EXERCISE INSTRUCTIONS
Here are some records. Repeat them all exactly.

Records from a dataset
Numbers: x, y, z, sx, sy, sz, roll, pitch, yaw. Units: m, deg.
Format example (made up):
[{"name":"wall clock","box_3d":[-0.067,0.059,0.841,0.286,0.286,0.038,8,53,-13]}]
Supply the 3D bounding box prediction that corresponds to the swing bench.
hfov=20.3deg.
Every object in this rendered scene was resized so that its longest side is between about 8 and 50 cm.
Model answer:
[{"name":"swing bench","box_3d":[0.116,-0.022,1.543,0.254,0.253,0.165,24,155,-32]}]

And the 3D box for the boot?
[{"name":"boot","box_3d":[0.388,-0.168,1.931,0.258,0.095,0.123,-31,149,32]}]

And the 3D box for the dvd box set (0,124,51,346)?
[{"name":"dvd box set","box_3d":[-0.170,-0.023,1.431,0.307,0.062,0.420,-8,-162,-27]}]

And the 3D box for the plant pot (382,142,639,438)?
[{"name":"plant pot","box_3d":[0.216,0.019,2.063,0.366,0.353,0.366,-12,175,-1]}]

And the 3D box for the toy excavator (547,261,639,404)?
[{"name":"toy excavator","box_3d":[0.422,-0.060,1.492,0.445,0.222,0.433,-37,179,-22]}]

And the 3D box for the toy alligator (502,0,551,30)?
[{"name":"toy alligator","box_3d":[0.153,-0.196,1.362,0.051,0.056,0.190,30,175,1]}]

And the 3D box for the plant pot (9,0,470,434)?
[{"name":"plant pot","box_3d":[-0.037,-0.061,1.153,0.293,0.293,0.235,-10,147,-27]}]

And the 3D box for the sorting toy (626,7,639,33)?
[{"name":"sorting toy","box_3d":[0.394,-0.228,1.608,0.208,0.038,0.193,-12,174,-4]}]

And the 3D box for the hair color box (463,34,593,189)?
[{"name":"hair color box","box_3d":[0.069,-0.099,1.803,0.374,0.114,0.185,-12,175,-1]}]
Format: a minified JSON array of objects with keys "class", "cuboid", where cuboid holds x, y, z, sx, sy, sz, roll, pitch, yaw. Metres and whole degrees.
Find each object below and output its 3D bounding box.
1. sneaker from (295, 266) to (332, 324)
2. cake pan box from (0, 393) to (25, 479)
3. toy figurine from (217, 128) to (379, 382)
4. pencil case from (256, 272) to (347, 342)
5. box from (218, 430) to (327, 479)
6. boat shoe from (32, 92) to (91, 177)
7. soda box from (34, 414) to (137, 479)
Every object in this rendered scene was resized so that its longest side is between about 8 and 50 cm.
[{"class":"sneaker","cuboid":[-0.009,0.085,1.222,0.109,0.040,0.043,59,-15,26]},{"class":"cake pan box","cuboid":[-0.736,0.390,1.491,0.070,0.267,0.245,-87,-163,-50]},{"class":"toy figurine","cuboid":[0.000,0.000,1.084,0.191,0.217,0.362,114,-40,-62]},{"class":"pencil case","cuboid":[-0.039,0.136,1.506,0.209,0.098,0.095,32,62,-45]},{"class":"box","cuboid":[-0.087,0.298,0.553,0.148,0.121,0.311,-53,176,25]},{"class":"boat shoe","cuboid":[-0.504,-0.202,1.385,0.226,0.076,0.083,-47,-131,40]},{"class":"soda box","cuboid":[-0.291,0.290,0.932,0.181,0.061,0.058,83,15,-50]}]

THE ANSWER
Numbers: x, y, z, sx, sy, sz, roll, pitch, yaw. Units: m, deg.
Format example (made up):
[{"name":"wall clock","box_3d":[-0.067,0.059,0.841,0.286,0.286,0.038,8,53,-13]}]
Supply the 3D bounding box prediction that corresponds to the swing bench.
hfov=20.3deg.
Every object in this rendered scene was resized so that its longest side is between about 8 and 50 cm.
Model answer:
[{"name":"swing bench","box_3d":[0.116,-0.022,1.543,0.254,0.253,0.165,24,155,-32]}]

And the 3D box for the boot?
[{"name":"boot","box_3d":[0.388,-0.168,1.931,0.258,0.095,0.123,-31,149,32]}]

And the 3D box for the dvd box set (0,124,51,346)?
[{"name":"dvd box set","box_3d":[-0.170,-0.023,1.431,0.307,0.062,0.420,-8,-162,-27]}]

And the 3D box for the plant pot (382,142,639,438)?
[{"name":"plant pot","box_3d":[0.216,0.019,2.063,0.366,0.353,0.366,-12,175,-1]}]

And the 3D box for the toy excavator (547,261,639,404)?
[{"name":"toy excavator","box_3d":[0.422,-0.060,1.492,0.445,0.222,0.433,-37,179,-22]}]

And the 3D box for the toy alligator (502,0,551,30)?
[{"name":"toy alligator","box_3d":[0.153,-0.196,1.362,0.051,0.056,0.190,30,175,1]}]

And the 3D box for the plant pot (9,0,470,434)?
[{"name":"plant pot","box_3d":[-0.037,-0.061,1.153,0.293,0.293,0.235,-10,147,-27]}]

And the 3D box for the sorting toy (626,7,639,33)?
[{"name":"sorting toy","box_3d":[0.394,-0.228,1.608,0.208,0.038,0.193,-12,174,-4]}]

And the 3D box for the hair color box (463,34,593,189)?
[{"name":"hair color box","box_3d":[0.069,-0.099,1.803,0.374,0.114,0.185,-12,175,-1]}]
Format: a minified JSON array of objects with keys "class", "cuboid", where cuboid holds x, y, z, sx, sy, sz, roll, pitch, yaw. Metres and whole degrees.
Find each object below and output its 3D bounding box.
1. sneaker from (295, 266) to (332, 324)
2. cake pan box from (0, 393) to (25, 479)
3. toy figurine from (217, 128) to (379, 382)
4. pencil case from (256, 272) to (347, 342)
5. box from (218, 430) to (327, 479)
6. boat shoe from (32, 92) to (91, 177)
7. soda box from (34, 414) to (137, 479)
Every object in this rendered scene was resized so that its longest side is between about 8 and 50 cm.
[{"class":"sneaker","cuboid":[-0.009,0.085,1.222,0.109,0.040,0.043,59,-15,26]},{"class":"cake pan box","cuboid":[-0.736,0.390,1.491,0.070,0.267,0.245,-87,-163,-50]},{"class":"toy figurine","cuboid":[0.000,0.000,1.084,0.191,0.217,0.362,114,-40,-62]},{"class":"pencil case","cuboid":[-0.039,0.136,1.506,0.209,0.098,0.095,32,62,-45]},{"class":"box","cuboid":[-0.087,0.298,0.553,0.148,0.121,0.311,-53,176,25]},{"class":"boat shoe","cuboid":[-0.504,-0.202,1.385,0.226,0.076,0.083,-47,-131,40]},{"class":"soda box","cuboid":[-0.291,0.290,0.932,0.181,0.061,0.058,83,15,-50]}]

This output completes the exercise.